![Somatics Thymatron System IV User Manual Download Page 11](http://html.mh-extra.com/html/somatics/thymatron-system-iv/thymatron-system-iv_user-manual_1317304011.webp)
Thymatron
®
System IV Instructions for Use
10
SERIOUS ADVERSE EVENTS
Recent estimates in the medical literature of the mortality rate associated with ECT are 1 per 10,000 patients or 1
per 80,000 treatments.
Other serious adverse events have occurred, including adverse reaction to anesthetic agents / neuromuscular
blocking agents; adverse skin reactions (e.g., skin burns); cardiac complications, including arrhythmia,
ischemia/infarction (i.e., heart attack), acute hypertension, hypotension, and stroke; cognition and memory
impairment; brain injury; dental/oral trauma; general motor dysfunction; physical trauma (i.e., if inadequate
supportive drug treatment is provided to mitigate unconscious violent movements during convulsions) including
fractures, contusions, injury from falls, dental or oral injury; hypomanic or manic symptoms (e.g., treatment-
emergent mania, postictal delirium or excitement); neurological symptoms (e.g., paresthesia, dyskinesias);
tardive seizures; prolonged seizures; non-convulsive status epilepticus; pulmonary complications (e.g.,
aspiration/inhalation of foreign material, pneumonia, hypoxia, respiratory obstruction such as laryngospasm,
pulmonary embolism, prolonged apnea); visual disturbance; auditory complications; onset/exacerbation of
psychiatric symptoms; partial relief of depression enabling completed suicide; homicidality; substance abuse;
coma; falls; and device malfunction (creating potential risks such as excessive dose administration), and death.

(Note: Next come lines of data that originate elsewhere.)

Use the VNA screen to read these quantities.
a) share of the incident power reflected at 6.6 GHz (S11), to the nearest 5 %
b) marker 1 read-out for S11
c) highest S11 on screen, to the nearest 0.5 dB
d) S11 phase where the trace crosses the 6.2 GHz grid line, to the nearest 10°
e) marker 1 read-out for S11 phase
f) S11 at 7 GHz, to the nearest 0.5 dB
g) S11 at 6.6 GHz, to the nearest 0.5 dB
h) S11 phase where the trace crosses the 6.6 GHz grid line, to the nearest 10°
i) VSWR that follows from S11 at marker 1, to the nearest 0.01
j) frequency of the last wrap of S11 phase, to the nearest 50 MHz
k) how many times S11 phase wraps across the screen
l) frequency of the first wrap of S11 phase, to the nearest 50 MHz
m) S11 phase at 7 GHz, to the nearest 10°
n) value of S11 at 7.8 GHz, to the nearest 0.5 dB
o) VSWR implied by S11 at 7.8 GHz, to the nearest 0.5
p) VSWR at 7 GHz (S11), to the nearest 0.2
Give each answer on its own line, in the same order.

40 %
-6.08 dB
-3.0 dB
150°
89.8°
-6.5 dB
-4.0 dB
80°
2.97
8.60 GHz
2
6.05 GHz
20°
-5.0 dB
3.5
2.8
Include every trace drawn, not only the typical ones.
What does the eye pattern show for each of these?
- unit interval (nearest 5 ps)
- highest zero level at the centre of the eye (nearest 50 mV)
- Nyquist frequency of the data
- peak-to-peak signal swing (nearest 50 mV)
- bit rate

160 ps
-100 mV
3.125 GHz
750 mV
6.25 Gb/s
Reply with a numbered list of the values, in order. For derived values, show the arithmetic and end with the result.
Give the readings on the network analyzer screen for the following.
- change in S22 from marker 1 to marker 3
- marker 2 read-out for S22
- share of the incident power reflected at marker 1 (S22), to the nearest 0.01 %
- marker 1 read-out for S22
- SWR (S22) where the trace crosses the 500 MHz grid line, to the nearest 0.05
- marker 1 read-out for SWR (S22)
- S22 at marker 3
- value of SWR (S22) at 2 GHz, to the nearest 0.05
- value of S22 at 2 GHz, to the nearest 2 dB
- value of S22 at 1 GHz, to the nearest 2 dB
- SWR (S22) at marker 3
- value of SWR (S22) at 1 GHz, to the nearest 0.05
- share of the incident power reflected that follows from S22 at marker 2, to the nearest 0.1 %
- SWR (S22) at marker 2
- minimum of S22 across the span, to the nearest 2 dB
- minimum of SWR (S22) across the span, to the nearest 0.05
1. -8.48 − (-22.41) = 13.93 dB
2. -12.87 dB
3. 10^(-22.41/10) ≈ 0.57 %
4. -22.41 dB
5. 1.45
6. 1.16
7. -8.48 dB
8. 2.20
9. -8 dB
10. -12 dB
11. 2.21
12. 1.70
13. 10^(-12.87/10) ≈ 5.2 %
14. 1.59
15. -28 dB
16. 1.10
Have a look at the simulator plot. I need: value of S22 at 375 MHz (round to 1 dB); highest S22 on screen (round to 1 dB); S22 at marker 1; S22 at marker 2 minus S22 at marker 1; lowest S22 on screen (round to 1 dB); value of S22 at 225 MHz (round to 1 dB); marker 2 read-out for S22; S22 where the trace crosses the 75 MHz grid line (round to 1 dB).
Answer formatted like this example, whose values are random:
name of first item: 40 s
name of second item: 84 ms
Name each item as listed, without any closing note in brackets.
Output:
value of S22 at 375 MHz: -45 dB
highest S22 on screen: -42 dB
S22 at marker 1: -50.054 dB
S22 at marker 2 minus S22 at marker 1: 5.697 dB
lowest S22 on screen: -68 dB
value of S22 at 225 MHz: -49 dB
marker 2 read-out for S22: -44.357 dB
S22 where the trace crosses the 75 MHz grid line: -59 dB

Certain patients are more likely to experience severe adverse events, including those with pre-existing cardiac
illness, compromised pulmonary status, a history of brain injury, or medical complications after earlier courses
of anesthesia or ECT. Concurrent administration of antipsychotic (neuroleptic) medication may increase the risks
of adverse cardiac, pulmonary, and neurological events, and falls. Concurrent administration of stimulants may
increase the risks of cardiac and neurological complications, such as prolonged seizure. All of this information
should be assessed in developing the treatment plan for a particular patient.
OTHER RISKS
Completed suicide in ECT patients has a reported rate of 0.5 per 100 patient years, but higher in patients recently
discharged after hospitalization with suicidality. Studies have shown that partial improvement along the course
of ECT, before remission is obtained, can enable suicidal behavior or suicide in patients previously too ill to plan
or commit suicide. Likewise, suicide is a concern after ECT treatment; for instance, one study found that ECT
patients had a slightly higher suicide rate within seven days after their last ECT treatment than non-ECT
inpatients (Munk-Olsen et al., 2007). A meta-analysis found that 30% of patients with treatment-resistant
depression attempt suicide, with a rate for completed suicide of 0.47 per 100 patient years which included
similar incidence following DBS, VNS and ECT (Bergfeld et al., 2018).
ECT may result in worsening of an underlying medical condition either by: (1) ineffective treatment or (2) the
treatment itself, particularly when it exacerbates the symptoms.